Tagliatelle with ham
4 servings
50 g. butter, 75 g. raw ham , 1 green onion powdered cinnamon 1 clove Grana Padano cheese Black pepper Cream (optional)
Finely mince a green onion and ham. Brown in a frying pan with butter and some powdered cinammon and one clove. If desired, add a bit of cream. Dress Tagliatelle (or short size pasta) in the frying pan, add sprinkled Grana Padano cheese and pepper.

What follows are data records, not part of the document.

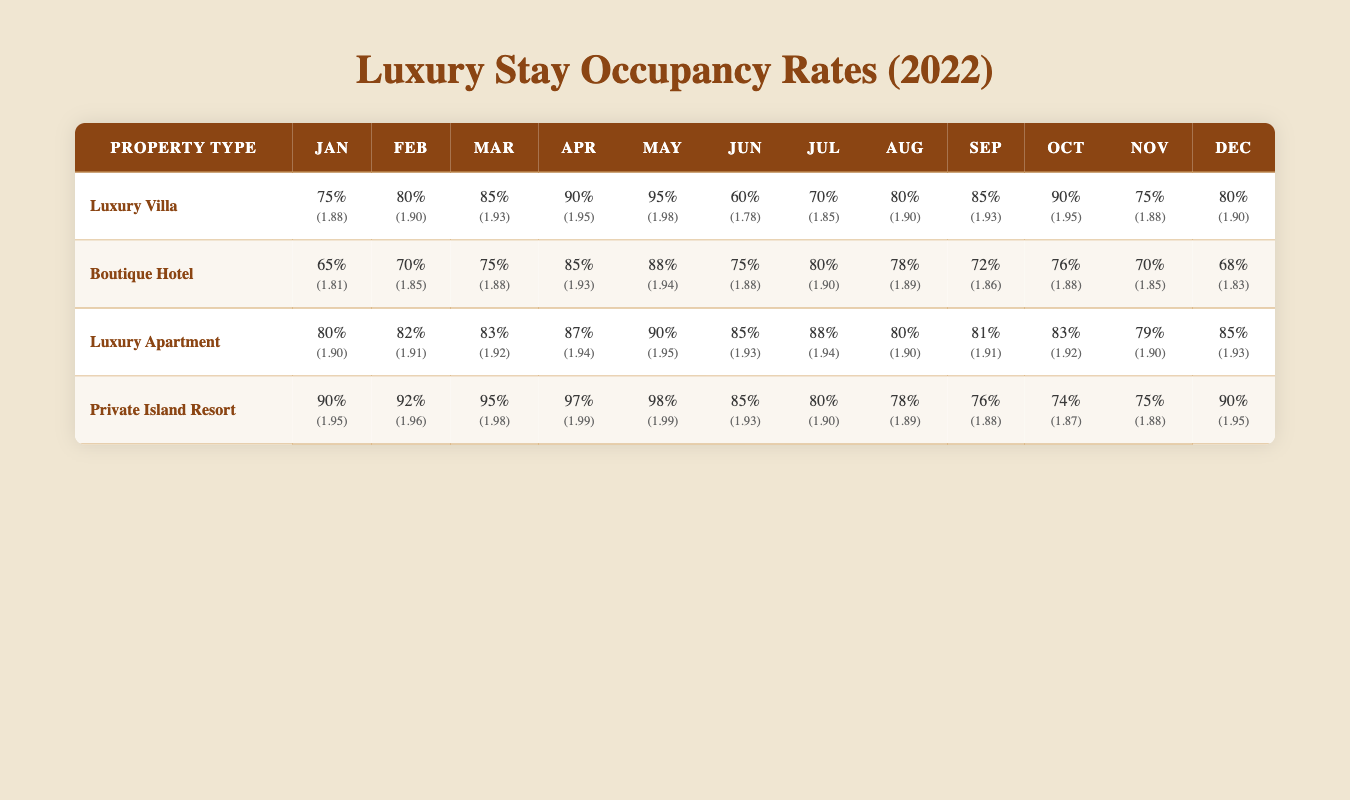What is the occupancy rate for Luxury Villas in December? From the table, the occupancy rate for Luxury Villas in December is 80%.
Answer: 80% What is the average occupancy rate for Boutique Hotels from January to December? To find the average, sum all the monthly rates: (65 + 70 + 75 + 85 + 88 + 75 + 80 + 78 + 72 + 76 + 70 + 68) =  891. There are 12 months, so divide by 12: 891 / 12 = 74.25.
Answer: 74.25 Did Private Island Resorts have a higher occupancy rate in March than Luxury Apartments? In March, the occupancy rate for Private Island Resorts is 95% while for Luxury Apartments it is 83%. Therefore, Private Island Resorts had a higher rate.
Answer: Yes Which property type had the highest occupancy rate in August? The occupancy rate for each type in August is: Luxury Villa 80%, Boutique Hotel 78%, Luxury Apartment 80%, Private Island Resort 78%. The highest rates are 80% for both Luxury Villa and Luxury Apartment.
Answer: Luxury Villa and Luxury Apartment What is the total occupancy rate for Luxury Villas from January to April? To find the total rate, sum the occupancy rates for the specified months: (75 + 80 + 85 + 90) = 330. The total occupancy rate for Luxury Villas from January to April is 330.
Answer: 330 What was the best month for occupancy for Luxury Apartments? By checking the table, in May, the occupancy rate for Luxury Apartments is 90%, which is the highest compared to other months.
Answer: May How many months did Boutique Hotels have an occupancy rate below 75%? By reviewing the table, the months with rates below 75% are January (65%) and December (68%), a total of 2 months.
Answer: 2 Which property type had the highest occupancy rate in May, and what was that rate? In May, the occupancy rates are as follows: Luxury Villa 95%, Boutique Hotel 88%, Luxury Apartment 90%, and Private Island Resort 98%. The highest is the Private Island Resort with 98%.
Answer: Private Island Resort, 98% What is the difference between the average occupancy rates of Private Island Resort and Luxury Apartment for the entire year? The average for Private Island Resort is (90 + 92 + 95 + 97 + 98 + 85 + 80 + 78 + 76 + 74 + 75 + 90) = 85.75. The average for Luxury Apartment is (80 + 82 + 83 + 87 + 90 + 85 + 88 + 80 + 81 + 83 + 79 + 85) = 84.25. The difference is 85.75 - 84.25 = 1.5.
Answer: 1.5 
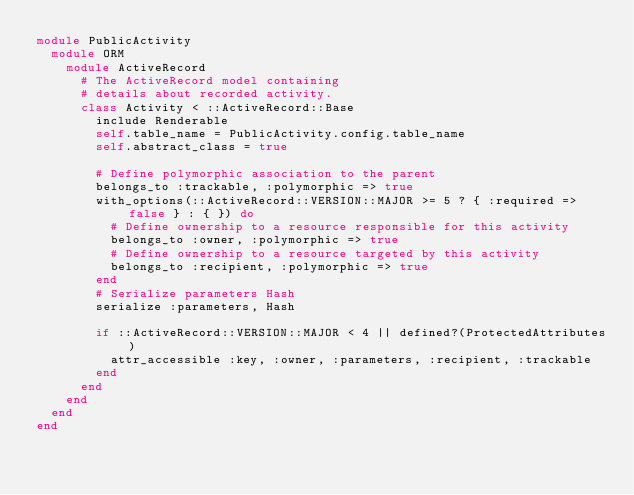<code> <loc_0><loc_0><loc_500><loc_500><_Ruby_>module PublicActivity
  module ORM
    module ActiveRecord
      # The ActiveRecord model containing
      # details about recorded activity.
      class Activity < ::ActiveRecord::Base
        include Renderable
        self.table_name = PublicActivity.config.table_name
        self.abstract_class = true

        # Define polymorphic association to the parent
        belongs_to :trackable, :polymorphic => true
        with_options(::ActiveRecord::VERSION::MAJOR >= 5 ? { :required => false } : { }) do
          # Define ownership to a resource responsible for this activity
          belongs_to :owner, :polymorphic => true
          # Define ownership to a resource targeted by this activity
          belongs_to :recipient, :polymorphic => true
        end
        # Serialize parameters Hash
        serialize :parameters, Hash

        if ::ActiveRecord::VERSION::MAJOR < 4 || defined?(ProtectedAttributes)
          attr_accessible :key, :owner, :parameters, :recipient, :trackable
        end
      end
    end
  end
end
</code> 
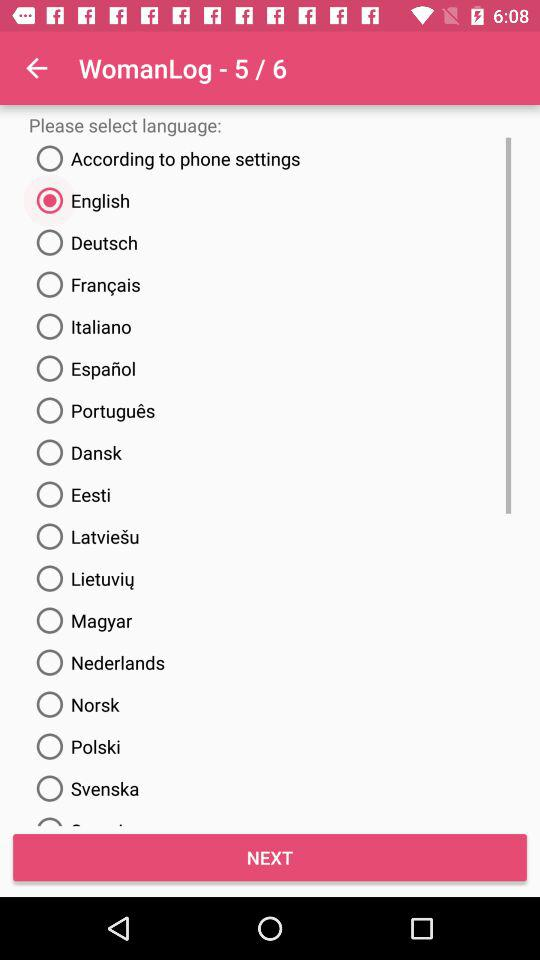Which language has been selected? The selected language is English. 
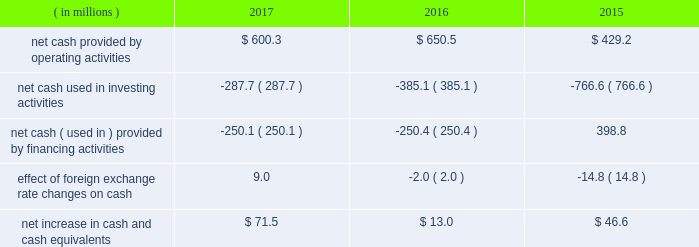Our operating cash flows are significantly impacted by the seasonality of our businesses .
We typically generate most of our operating cash flow in the third and fourth quarters of each year .
In june 2015 , we issued $ 900 million of senior notes in a registered public offering .
The senior notes consist of two tranches : $ 400 million of five-year notes due 2020 with a coupon of 3% ( 3 % ) and $ 500 million of ten-year notes due 2025 with a coupon of 4% ( 4 % ) .
We used the proceeds from the senior notes offering to pay down our revolving credit facility and for general corporate purposes .
On december 31 , 2017 , the outstanding amount of the senior notes , net of underwriting commissions and price discounts , was $ 892.6 million .
Cash flows below is a summary of cash flows for the years ended december 31 , 2017 , 2016 and 2015 .
( in millions ) 2017 2016 2015 .
Net cash provided by operating activities was $ 600.3 million in 2017 compared to $ 650.5 million in 2016 and $ 429.2 million in 2015 .
The $ 50.2 million decrease in cash provided by operating activities from 2017 to 2016 was primarily due to higher build in working capital , primarily driven by higher inventory purchases in 2017 , partially offset by a higher net income .
The $ 221.3 million increase in cash provided by operating activities from 2015 to 2016 was primarily due to a reduction in working capital in 2016 compared to 2015 and higher net income .
Net cash used in investing activities was $ 287.7 million in 2017 compared to $ 385.1 million in 2016 and $ 766.6 million in 2015 .
The decrease of $ 97.4 million from 2016 to 2017 was primarily due lower cost of acquisitions of $ 115.1 million , partially offset by $ 15.7 million of higher capital expenditures .
The decrease of $ 381.5 million from 2015 to 2016 was primarily due the decrease in cost of acquisitions of $ 413.1 million , partially offset by $ 20.8 million of higher capital spending .
Net cash used in financing activities was $ 250.1 million in 2017 compared to net cash used in financing activities of $ 250.4 million in 2016 and net cash provided by in financing activities of $ 398.8 million in 2015 .
The change of $ 649.2 million in 2016 compared to 2015 was primarily due to $ 372.8 million of higher share repurchases and lower net borrowings of $ 240.8 million .
Pension plans subsidiaries of fortune brands sponsor their respective defined benefit pension plans that are funded by a portfolio of investments maintained within our benefit plan trust .
In 2017 , 2016 and 2015 , we contributed $ 28.4 million , zero and $ 2.3 million , respectively , to qualified pension plans .
In 2018 , we expect to make pension contributions of approximately $ 12.8 million .
As of december 31 , 2017 , the fair value of our total pension plan assets was $ 656.6 million , representing funding of 79% ( 79 % ) of the accumulated benefit obligation liability .
For the foreseeable future , we believe that we have sufficient liquidity to meet the minimum funding that may be required by the pension protection act of 2006 .
Foreign exchange we have operations in various foreign countries , principally canada , china , mexico , the united kingdom , france , australia and japan .
Therefore , changes in the value of the related currencies affect our financial statements when translated into u.s .
Dollars. .
\\nin june 2015 what was the percent of the five-year notes due 2020 with a coupon of 3% ( 3 % ) of senior notes in a registered public offering? 
Computations: (400 / 900)
Answer: 0.44444. 
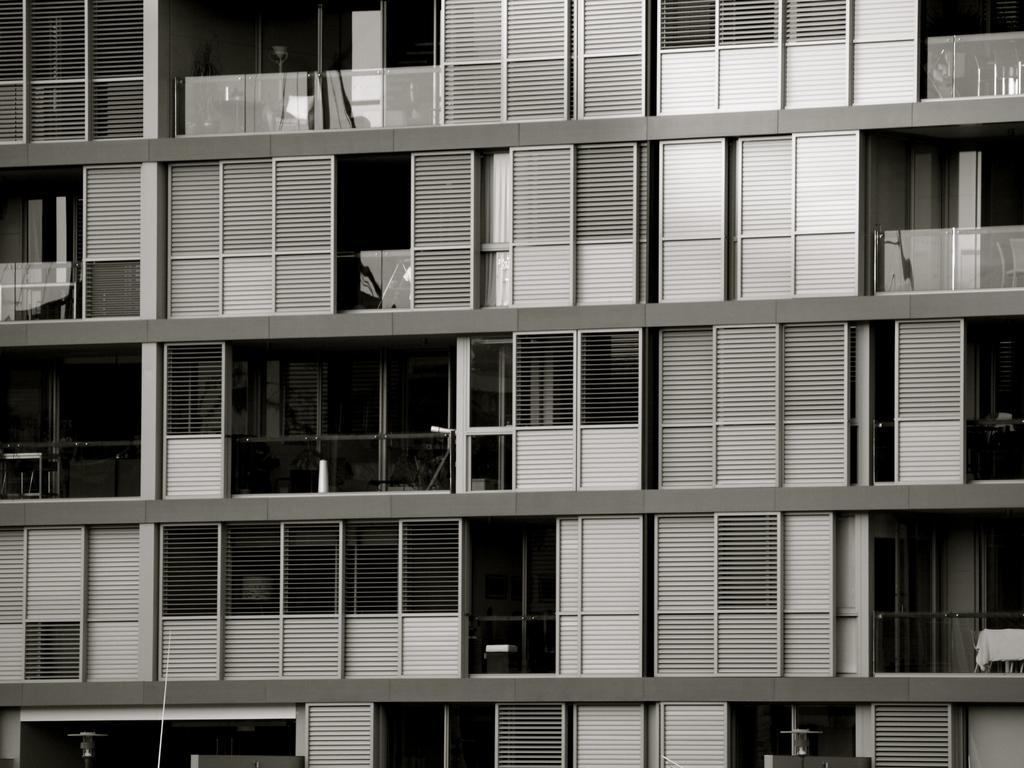Can you describe this image briefly? In this picture we can observe a building. There are some glass doors. This is a black and white image. 
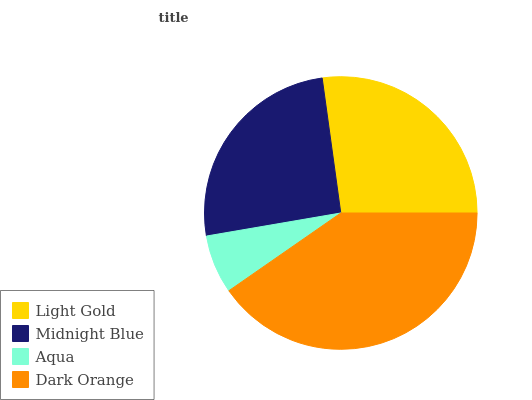Is Aqua the minimum?
Answer yes or no. Yes. Is Dark Orange the maximum?
Answer yes or no. Yes. Is Midnight Blue the minimum?
Answer yes or no. No. Is Midnight Blue the maximum?
Answer yes or no. No. Is Light Gold greater than Midnight Blue?
Answer yes or no. Yes. Is Midnight Blue less than Light Gold?
Answer yes or no. Yes. Is Midnight Blue greater than Light Gold?
Answer yes or no. No. Is Light Gold less than Midnight Blue?
Answer yes or no. No. Is Light Gold the high median?
Answer yes or no. Yes. Is Midnight Blue the low median?
Answer yes or no. Yes. Is Midnight Blue the high median?
Answer yes or no. No. Is Dark Orange the low median?
Answer yes or no. No. 
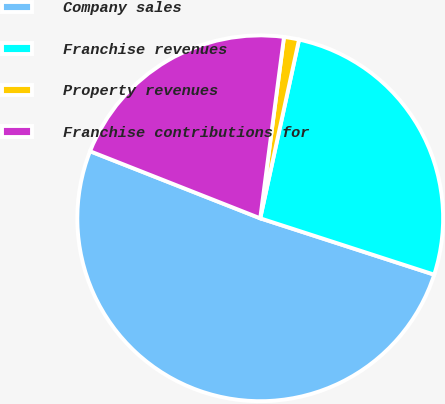<chart> <loc_0><loc_0><loc_500><loc_500><pie_chart><fcel>Company sales<fcel>Franchise revenues<fcel>Property revenues<fcel>Franchise contributions for<nl><fcel>50.99%<fcel>26.58%<fcel>1.33%<fcel>21.1%<nl></chart>

Roulades with Ricotta cheese and raw ham
4 servings
8 veal cutlets(30 - 40 g. each), 8 raw ham slices, 200 g. Ricotta cheese, sage, 1 cup of white wine (less than a cup if you use Marsala), flour, oil, butter
Prepare cutlets, cover them with ham slices and a bit of Ricotta cheese. Roll them lenghtwise and fix with toothpicks and add some sage leaves. Flour and brown them in a pan with a little butter and oil. In the meantime add white wine or Marsala. If necessary add a bit of water until done.
Leeks with ham
Boil leeks in salted water. When done, drip them and wrap each one with a ham slice. Put them into a pan and cover with a traditional besciamella sauce. (Recipe for besciamella sauce: melt in a small pan 60 g. of butter and add 60 g. of flour. Dilute with a half litre of milk. Season with salt. Keep blending until boiling.) Add on top a few bread crumbs and shaved Grana Padano cheese. Bake for 10 minutes until au gratin.
Asparagus with ham
Boil asparagus (only their stems), drip them and wrap 3 - 4 stems (let their tops out) with a slice of raw ham. Put bounches in a baking pan with some melted butter on the bottom. Sprinkle with grated Grana Padano cheese and some butter. Bake until au gratin.
Traditional salad
4 servings
200 g. Berico-Euganeo ham, 200 g. Asigliano chicory, 100 g Fiorito cheese, black olives extra virgin olive oil 4 nuts lemon juice
Finely sliced chicory, ham and Fiorito cheese. Add chopped nuts and olives. Season with salt, pepper, oil and lemon juice. Mix carefully and serve.